PROBLEM STATEMENT -
Write out all of the data exactly as it appears.

DATA SHOWN -

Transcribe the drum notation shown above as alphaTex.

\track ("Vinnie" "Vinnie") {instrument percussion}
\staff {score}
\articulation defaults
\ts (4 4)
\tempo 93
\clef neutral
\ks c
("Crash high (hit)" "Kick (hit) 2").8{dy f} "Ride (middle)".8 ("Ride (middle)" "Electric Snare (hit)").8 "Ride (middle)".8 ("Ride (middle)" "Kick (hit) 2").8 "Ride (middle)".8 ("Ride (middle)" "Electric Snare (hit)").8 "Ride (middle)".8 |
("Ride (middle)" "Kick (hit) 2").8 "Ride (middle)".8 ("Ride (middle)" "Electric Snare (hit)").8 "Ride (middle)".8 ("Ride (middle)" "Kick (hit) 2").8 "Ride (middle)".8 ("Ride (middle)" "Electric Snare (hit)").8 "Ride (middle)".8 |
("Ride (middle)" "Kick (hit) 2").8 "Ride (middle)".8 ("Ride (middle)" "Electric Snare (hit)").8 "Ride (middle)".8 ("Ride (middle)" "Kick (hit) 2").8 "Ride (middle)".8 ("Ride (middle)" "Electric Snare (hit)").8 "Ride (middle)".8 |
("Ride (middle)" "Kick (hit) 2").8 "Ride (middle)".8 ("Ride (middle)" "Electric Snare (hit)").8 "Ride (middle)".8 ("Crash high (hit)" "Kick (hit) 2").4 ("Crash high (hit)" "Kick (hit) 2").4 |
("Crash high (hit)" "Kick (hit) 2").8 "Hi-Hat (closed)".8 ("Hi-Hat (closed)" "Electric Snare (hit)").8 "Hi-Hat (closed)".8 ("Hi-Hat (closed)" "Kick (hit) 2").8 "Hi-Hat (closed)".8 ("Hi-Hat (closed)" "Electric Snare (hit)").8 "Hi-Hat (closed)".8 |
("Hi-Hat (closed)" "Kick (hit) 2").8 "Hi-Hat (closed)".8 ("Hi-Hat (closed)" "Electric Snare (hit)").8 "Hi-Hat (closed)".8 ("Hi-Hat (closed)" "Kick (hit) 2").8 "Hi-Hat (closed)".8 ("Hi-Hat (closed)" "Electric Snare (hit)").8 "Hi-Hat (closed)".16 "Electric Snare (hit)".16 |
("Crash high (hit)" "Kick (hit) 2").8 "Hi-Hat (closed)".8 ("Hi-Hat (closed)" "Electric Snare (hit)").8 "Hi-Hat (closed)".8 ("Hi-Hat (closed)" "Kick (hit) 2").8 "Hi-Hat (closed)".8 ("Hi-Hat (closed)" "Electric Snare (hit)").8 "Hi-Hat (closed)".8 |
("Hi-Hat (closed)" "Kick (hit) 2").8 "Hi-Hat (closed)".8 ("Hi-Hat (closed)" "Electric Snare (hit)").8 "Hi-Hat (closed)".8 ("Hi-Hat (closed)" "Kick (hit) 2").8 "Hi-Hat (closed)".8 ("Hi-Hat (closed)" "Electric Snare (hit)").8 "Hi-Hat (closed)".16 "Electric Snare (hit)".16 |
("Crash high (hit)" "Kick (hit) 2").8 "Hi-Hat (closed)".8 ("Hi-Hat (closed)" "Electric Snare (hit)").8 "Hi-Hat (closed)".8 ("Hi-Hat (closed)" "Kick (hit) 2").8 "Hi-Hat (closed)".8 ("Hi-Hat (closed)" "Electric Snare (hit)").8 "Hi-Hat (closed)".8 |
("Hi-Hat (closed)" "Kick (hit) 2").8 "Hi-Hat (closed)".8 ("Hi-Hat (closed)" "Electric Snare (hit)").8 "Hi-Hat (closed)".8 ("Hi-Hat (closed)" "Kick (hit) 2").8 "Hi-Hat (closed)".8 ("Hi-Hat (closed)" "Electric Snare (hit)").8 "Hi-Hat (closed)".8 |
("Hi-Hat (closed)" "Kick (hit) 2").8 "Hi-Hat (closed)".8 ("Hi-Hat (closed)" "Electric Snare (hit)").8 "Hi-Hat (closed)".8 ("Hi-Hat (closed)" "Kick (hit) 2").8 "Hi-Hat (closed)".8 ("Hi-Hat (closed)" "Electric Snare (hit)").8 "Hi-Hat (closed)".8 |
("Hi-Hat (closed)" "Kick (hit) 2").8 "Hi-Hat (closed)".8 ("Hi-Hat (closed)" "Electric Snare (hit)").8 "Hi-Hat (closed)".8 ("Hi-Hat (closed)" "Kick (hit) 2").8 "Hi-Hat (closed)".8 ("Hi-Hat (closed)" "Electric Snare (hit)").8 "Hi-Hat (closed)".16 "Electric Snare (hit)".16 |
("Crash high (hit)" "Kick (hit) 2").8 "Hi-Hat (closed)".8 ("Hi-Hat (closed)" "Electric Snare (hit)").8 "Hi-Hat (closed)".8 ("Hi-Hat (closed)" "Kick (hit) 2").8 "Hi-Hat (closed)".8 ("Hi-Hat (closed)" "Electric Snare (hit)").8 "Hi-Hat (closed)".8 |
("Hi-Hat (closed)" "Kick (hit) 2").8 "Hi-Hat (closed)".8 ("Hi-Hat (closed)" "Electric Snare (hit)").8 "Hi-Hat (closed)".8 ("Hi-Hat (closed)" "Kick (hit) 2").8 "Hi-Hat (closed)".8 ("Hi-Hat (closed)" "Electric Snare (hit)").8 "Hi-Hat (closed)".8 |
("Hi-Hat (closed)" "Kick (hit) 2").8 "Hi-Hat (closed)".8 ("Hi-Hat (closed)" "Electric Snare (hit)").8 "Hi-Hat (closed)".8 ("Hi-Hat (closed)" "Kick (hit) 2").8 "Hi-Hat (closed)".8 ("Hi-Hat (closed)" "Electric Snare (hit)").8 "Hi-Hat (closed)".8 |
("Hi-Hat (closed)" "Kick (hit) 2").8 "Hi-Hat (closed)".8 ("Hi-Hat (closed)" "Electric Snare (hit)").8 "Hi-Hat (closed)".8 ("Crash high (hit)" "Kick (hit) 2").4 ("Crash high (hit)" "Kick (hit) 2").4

THE COMPLETED TASK -
Transcribe the drum notation shown above as alphaTex.

\track ("Vinnie" "Vinnie") {instrument percussion}
\staff {score}
\articulation defaults
\ts (4 4)
\tempo 93
\clef neutral
\ks c
("Crash high (hit)" "Kick (hit) 2").8{dy f} "Ride (middle)".8 ("Ride (middle)" "Electric Snare (hit)").8 "Ride (middle)".8 ("Ride (middle)" "Kick (hit) 2").8 "Ride (middle)".8 ("Ride (middle)" "Electric Snare (hit)").8 "Ride (middle)".8 |
("Ride (middle)" "Kick (hit) 2").8 "Ride (middle)".8 ("Ride (middle)" "Electric Snare (hit)").8 "Ride (middle)".8 ("Ride (middle)" "Kick (hit) 2").8 "Ride (middle)".8 ("Ride (middle)" "Electric Snare (hit)").8 "Ride (middle)".8 |
("Ride (middle)" "Kick (hit) 2").8 "Ride (middle)".8 ("Ride (middle)" "Electric Snare (hit)").8 "Ride (middle)".8 ("Ride (middle)" "Kick (hit) 2").8 "Ride (middle)".8 ("Ride (middle)" "Electric Snare (hit)").8 "Ride (middle)".8 |
("Ride (middle)" "Kick (hit) 2").8 "Ride (middle)".8 ("Ride (middle)" "Electric Snare (hit)").8 "Ride (middle)".8 ("Crash high (hit)" "Kick (hit) 2").4 ("Crash high (hit)" "Kick (hit) 2").4 |
("Crash high (hit)" "Kick (hit) 2").8 "Hi-Hat (closed)".8 ("Hi-Hat (closed)" "Electric Snare (hit)").8 "Hi-Hat (closed)".8 ("Hi-Hat (closed)" "Kick (hit) 2").8 "Hi-Hat (closed)".8 ("Hi-Hat (closed)" "Electric Snare (hit)").8 "Hi-Hat (closed)".8 |
("Hi-Hat (closed)" "Kick (hit) 2").8 "Hi-Hat (closed)".8 ("Hi-Hat (closed)" "Electric Snare (hit)").8 "Hi-Hat (closed)".8 ("Hi-Hat (closed)" "Kick (hit) 2").8 "Hi-Hat (closed)".8 ("Hi-Hat (closed)" "Electric Snare (hit)").8 "Hi-Hat (closed)".16 "Electric Snare (hit)".16 |
("Crash high (hit)" "Kick (hit) 2").8 "Hi-Hat (closed)".8 ("Hi-Hat (closed)" "Electric Snare (hit)").8 "Hi-Hat (closed)".8 ("Hi-Hat (closed)" "Kick (hit) 2").8 "Hi-Hat (closed)".8 ("Hi-Hat (closed)" "Electric Snare (hit)").8 "Hi-Hat (closed)".8 |
("Hi-Hat (closed)" "Kick (hit) 2").8 "Hi-Hat (closed)".8 ("Hi-Hat (closed)" "Electric Snare (hit)").8 "Hi-Hat (closed)".8 ("Hi-Hat (closed)" "Kick (hit) 2").8 "Hi-Hat (closed)".8 ("Hi-Hat (closed)" "Electric Snare (hit)").8 "Hi-Hat (closed)".16 "Electric Snare (hit)".16 |
("Crash high (hit)" "Kick (hit) 2").8 "Hi-Hat (closed)".8 ("Hi-Hat (closed)" "Electric Snare (hit)").8 "Hi-Hat (closed)".8 ("Hi-Hat (closed)" "Kick (hit) 2").8 "Hi-Hat (closed)".8 ("Hi-Hat (closed)" "Electric Snare (hit)").8 "Hi-Hat (closed)".8 |
("Hi-Hat (closed)" "Kick (hit) 2").8 "Hi-Hat (closed)".8 ("Hi-Hat (closed)" "Electric Snare (hit)").8 "Hi-Hat (closed)".8 ("Hi-Hat (closed)" "Kick (hit) 2").8 "Hi-Hat (closed)".8 ("Hi-Hat (closed)" "Electric Snare (hit)").8 "Hi-Hat (closed)".8 |
("Hi-Hat (closed)" "Kick (hit) 2").8 "Hi-Hat (closed)".8 ("Hi-Hat (closed)" "Electric Snare (hit)").8 "Hi-Hat (closed)".8 ("Hi-Hat (closed)" "Kick (hit) 2").8 "Hi-Hat (closed)".8 ("Hi-Hat (closed)" "Electric Snare (hit)").8 "Hi-Hat (closed)".8 |
("Hi-Hat (closed)" "Kick (hit) 2").8 "Hi-Hat (closed)".8 ("Hi-Hat (closed)" "Electric Snare (hit)").8 "Hi-Hat (closed)".8 ("Hi-Hat (closed)" "Kick (hit) 2").8 "Hi-Hat (closed)".8 ("Hi-Hat (closed)" "Electric Snare (hit)").8 "Hi-Hat (closed)".16 "Electric Snare (hit)".16 |
("Crash high (hit)" "Kick (hit) 2").8 "Hi-Hat (closed)".8 ("Hi-Hat (closed)" "Electric Snare (hit)").8 "Hi-Hat (closed)".8 ("Hi-Hat (closed)" "Kick (hit) 2").8 "Hi-Hat (closed)".8 ("Hi-Hat (closed)" "Electric Snare (hit)").8 "Hi-Hat (closed)".8 |
("Hi-Hat (closed)" "Kick (hit) 2").8 "Hi-Hat (closed)".8 ("Hi-Hat (closed)" "Electric Snare (hit)").8 "Hi-Hat (closed)".8 ("Hi-Hat (closed)" "Kick (hit) 2").8 "Hi-Hat (closed)".8 ("Hi-Hat (closed)" "Electric Snare (hit)").8 "Hi-Hat (closed)".8 |
("Hi-Hat (closed)" "Kick (hit) 2").8 "Hi-Hat (closed)".8 ("Hi-Hat (closed)" "Electric Snare (hit)").8 "Hi-Hat (closed)".8 ("Hi-Hat (closed)" "Kick (hit) 2").8 "Hi-Hat (closed)".8 ("Hi-Hat (closed)" "Electric Snare (hit)").8 "Hi-Hat (closed)".8 |
("Hi-Hat (closed)" "Kick (hit) 2").8 "Hi-Hat (closed)".8 ("Hi-Hat (closed)" "Electric Snare (hit)").8 "Hi-Hat (closed)".8 ("Crash high (hit)" "Kick (hit) 2").4 ("Crash high (hit)" "Kick (hit) 2").4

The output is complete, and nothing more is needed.